= Host controller interface (USB, Firewire) =

Software interface

A USB and Firewire Host Controller Interface (UFHC) is a register-level interface that enables a host controller for USB or IEEE 1394 hardware to communicate with a host controller driver in software. The driver software is typically provided with an operating system of a personal computer, but may also be implemented by application-specific devices such as a microcontroller.

On the expansion card or motherboard controller, this involves much custom logic, with digital logic engines in the motherboard's controller chip, plus analog circuitry managing the high-speed differential signals. On the software side, it requires a device driver (called a Host Controller Driver, or HCD).

==IEEE 1394==

===Open Host Controller Interface===
Open Host Controller Interface (OHCI) is an open standard.

Die shot of a VIA VT6307 Integrated Host Controller used for IEEE 1394A communication

When applied to an IEEE 1394 (also known as FireWire; i.LINK or Lynx) card, OHCI means that the card supports a standard interface to the PC and can be used by the OHCI IEEE 1394 drivers that come with all modern operating systems. Because the card has a standard OHCI interface, the OS does not need to know in advance exactly who makes the card or how it works; it can safely assume that the card understands the set of well-defined commands that are defined in the standard protocol.

==USB==

===Open Host Controller Interface===
The OHCI standard for USB is similar to the OHCI standard for IEEE 1394, but supports USB 1.1 (full and low speeds) only; so as a result its register interface looks completely different. Compared with UHCI, it moves more intelligence into the controller, and thus is accordingly much more efficient; this was part of the motivation for defining it. If a computer provides non-x86 USB 1.1, or x86 USB 1.1 from a USB controller that is not made by Intel or VIA, it probably uses OHCI (e.g. OHCI is common on add-in PCI Cards based on an NEC chipset). It has many fewer intellectual property restrictions than UHCI. It only supports 32-bit memory addressing, so it requires an IOMMU or a computationally expensive bounce buffer to work with a 64-bit operating system. OHCI interfaces to the rest of the computer only with memory-mapped I/O.

===Universal Host Controller Interface===
Universal Host Controller Interface (UHCI) is a proprietary interface created by Intel for USB 1.x (full and low speeds). It requires a license from Intel. A USB controller using UHCI does little in hardware and requires a software UHCI driver to do much of the work of managing the USB bus. It only supports 32-bit memory addressing, so it requires an IOMMU or a computationally expensive bounce buffer to work with a 64-bit operating system. UHCI is configured with port-mapped I/O and memory-mapped I/O, and also requires memory-mapped I/O for status updates and for data buffers needed to hold data that needs to be sent or data that was received.
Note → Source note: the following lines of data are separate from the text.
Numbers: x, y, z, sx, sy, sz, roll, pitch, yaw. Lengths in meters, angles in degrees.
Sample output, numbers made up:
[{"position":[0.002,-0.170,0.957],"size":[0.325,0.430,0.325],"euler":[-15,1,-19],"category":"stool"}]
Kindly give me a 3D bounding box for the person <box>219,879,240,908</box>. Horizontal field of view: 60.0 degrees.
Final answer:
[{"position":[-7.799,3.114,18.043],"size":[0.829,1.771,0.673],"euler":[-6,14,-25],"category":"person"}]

===Enhanced Host Controller Interface===
The Enhanced Host Controller Interface (EHCI) is a high-speed controller standard applicable to USB 2.0. UHCI- and OHCI-based systems, as existed previously, entailed greater complexity and costs than necessary. Consequently, the USB Implementers Forum (USB-IF) insisted on a public specification for EHCI. Intel hosted EHCI conformance-testing and this helped to prevent the incursion of proprietary features.
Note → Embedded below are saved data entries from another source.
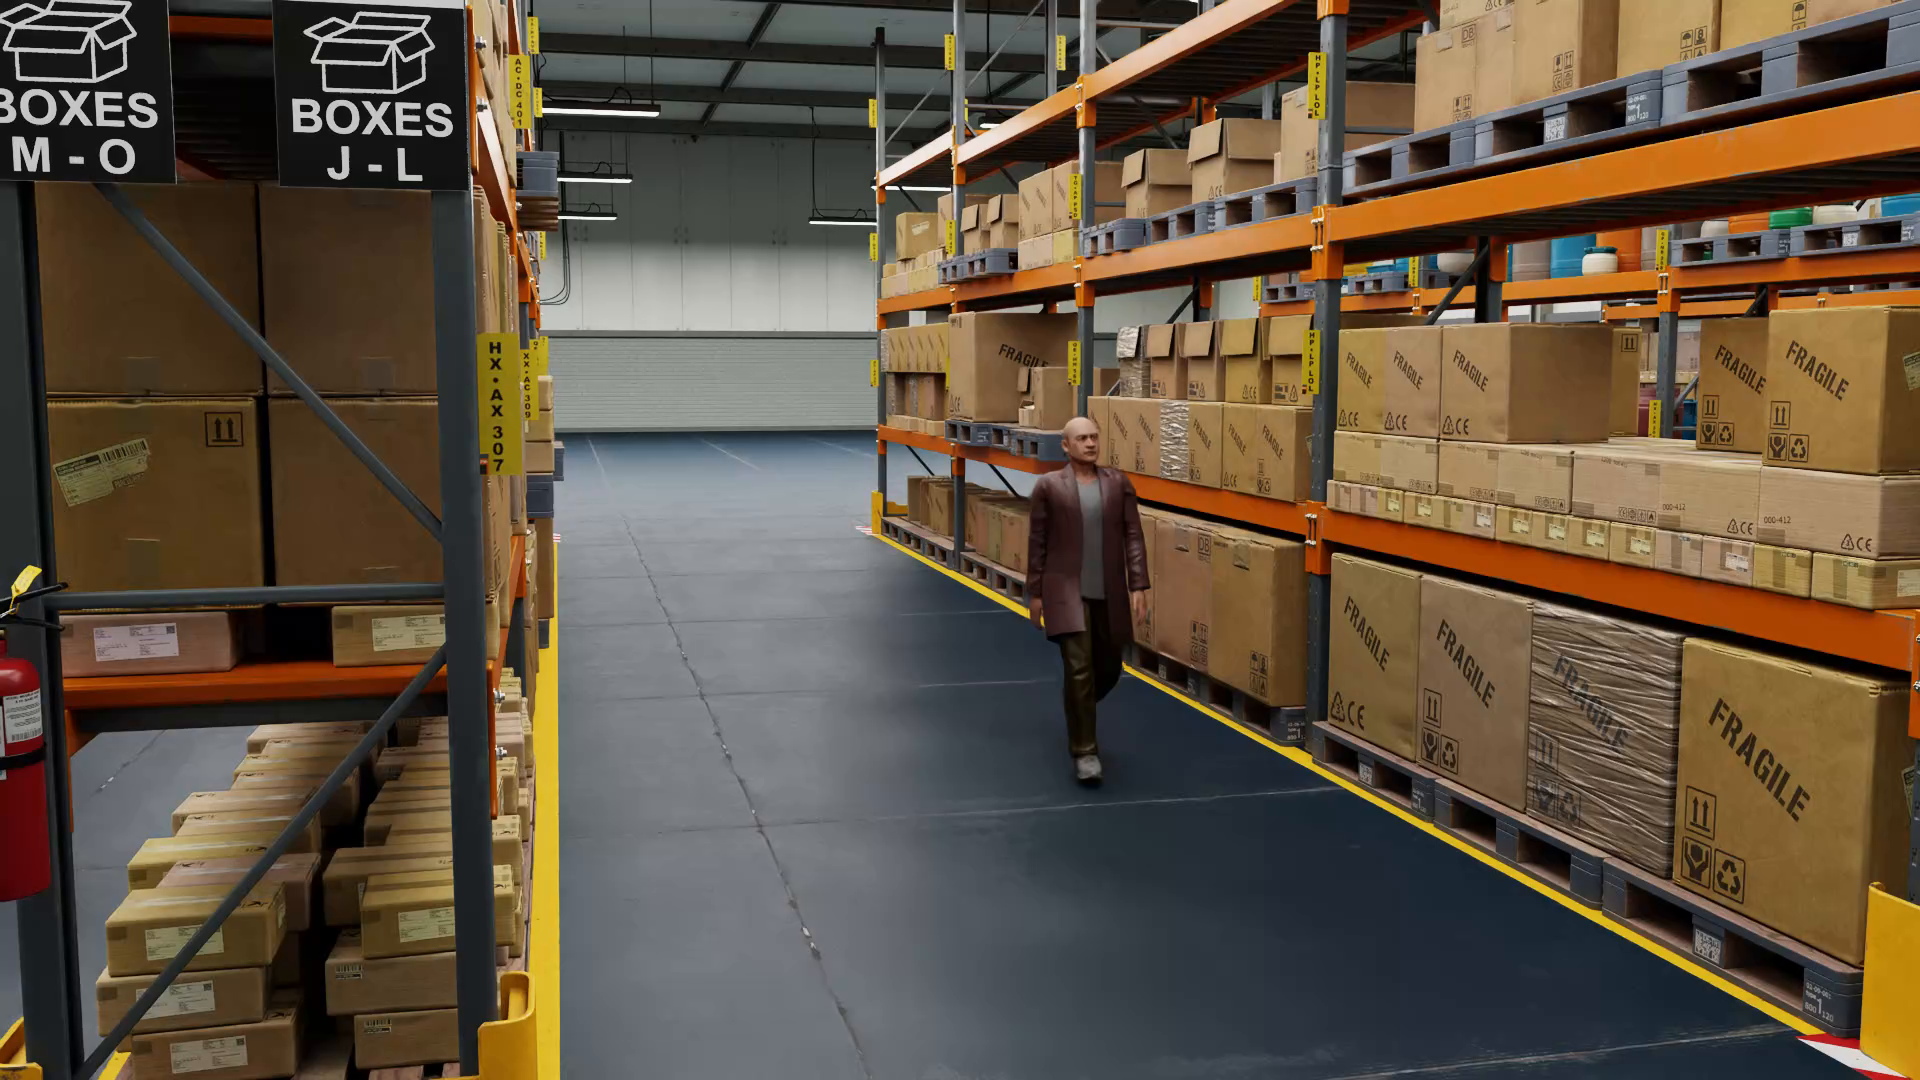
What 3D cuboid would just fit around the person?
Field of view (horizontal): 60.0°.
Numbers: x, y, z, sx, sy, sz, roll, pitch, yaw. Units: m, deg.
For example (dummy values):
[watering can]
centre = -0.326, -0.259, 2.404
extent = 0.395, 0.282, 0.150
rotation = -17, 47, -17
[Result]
[person]
centre = 0.638, 0.257, 8.353
extent = 0.604, 1.747, 0.960
rotation = -1, 6, -12
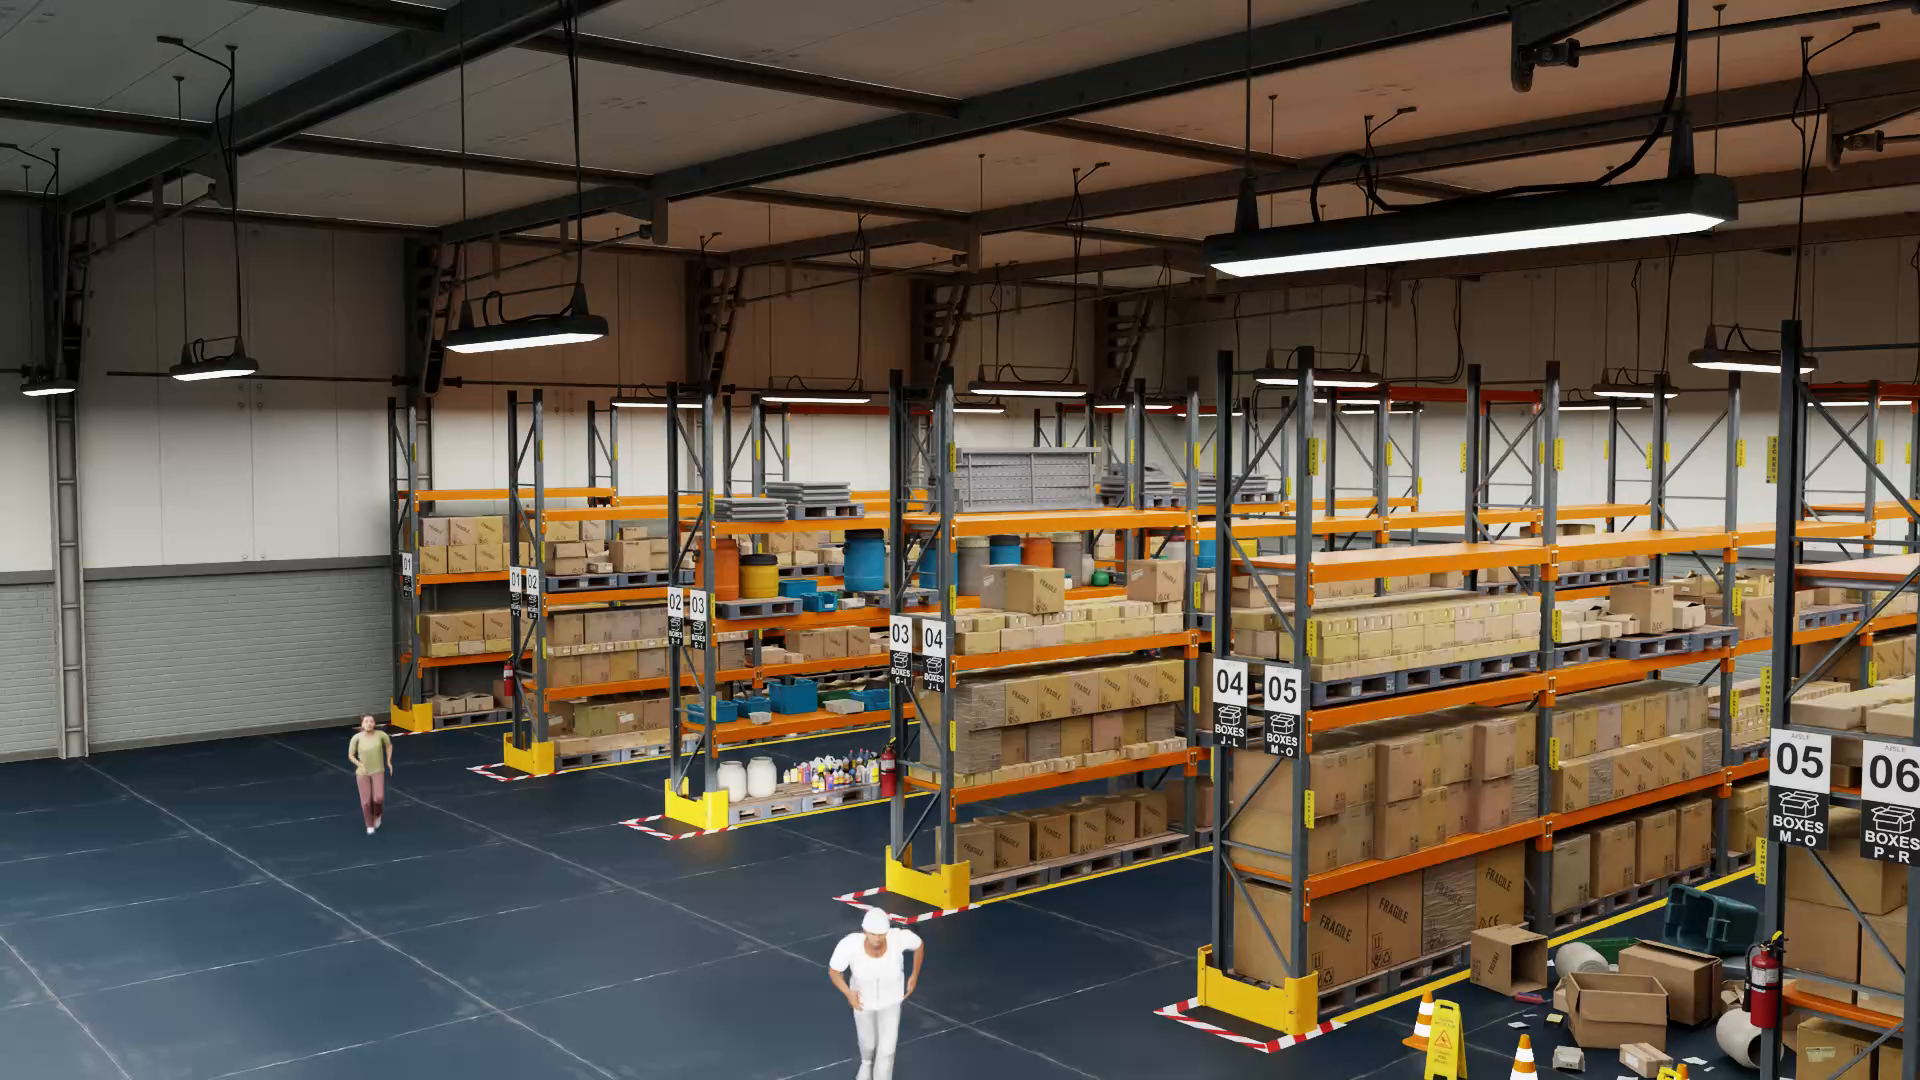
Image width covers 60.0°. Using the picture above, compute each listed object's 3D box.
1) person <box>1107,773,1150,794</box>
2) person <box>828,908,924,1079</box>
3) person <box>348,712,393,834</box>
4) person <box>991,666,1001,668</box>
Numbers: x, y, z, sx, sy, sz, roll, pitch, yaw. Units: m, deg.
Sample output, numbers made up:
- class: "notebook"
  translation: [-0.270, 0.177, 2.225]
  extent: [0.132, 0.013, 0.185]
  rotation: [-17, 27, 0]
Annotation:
- class: "person"
  translation: [2.344, 3.035, 23.444]
  extent: [0.953, 1.621, 0.655]
  rotation: [-2, 4, -34]
- class: "person"
  translation: [-0.652, 3.591, 12.838]
  extent: [0.743, 1.714, 1.056]
  rotation: [0, 3, -8]
- class: "person"
  translation: [-7.739, 3.073, 21.857]
  extent: [0.560, 1.624, 0.621]
  rotation: [-1, 4, -22]
- class: "person"
  translation: [0.386, 2.593, 28.775]
  extent: [0.680, 1.839, 0.842]
  rotation: [3, 4, 42]

Originally a PC providing high-speed ports had two controllers, one handling low- and full-speed devices and the second handling high-speed devices. Typically such a system had EHCI and either OHCI or UHCI drivers. The UHCI driver provides low- and full-speed interfaces for Intel or VIA chipsets' USB host controllers on the motherboard, or for any VIA discrete host controllers attached to the computer's expansion bus. The OHCI driver provides low- and full-speed functions for USB ports of all other motherboard chipset vendors' integrated USB host controllers or discrete host controllers attached to the computer's expansion bus. The EHCI driver provided high-speed functions for USB ports on the motherboard or on the discrete USB controller. More recent hardware routes all ports through an internal "rate-matching" hub (RMH) that converts all traffic involving any directly-connected ports working at full-speed and low-speed between the high-speed traffic presented to the EHCI controller and the full-speed or low-speed traffic that the ports operating at those speeds expect, allowing the EHCI controller to handle these devices.

The EHCI software interface specification defines both 32-bit and 64-bit versions of its data structures, so it does not need a bounce buffer or IOMMU to work with a 64-bit operating system if a rate-matching hub is implemented to provide full-speed and low-speed connectivity instead of companion controllers using either the UHCI specification or OHCI specification, both of which are 32-bit only specifications.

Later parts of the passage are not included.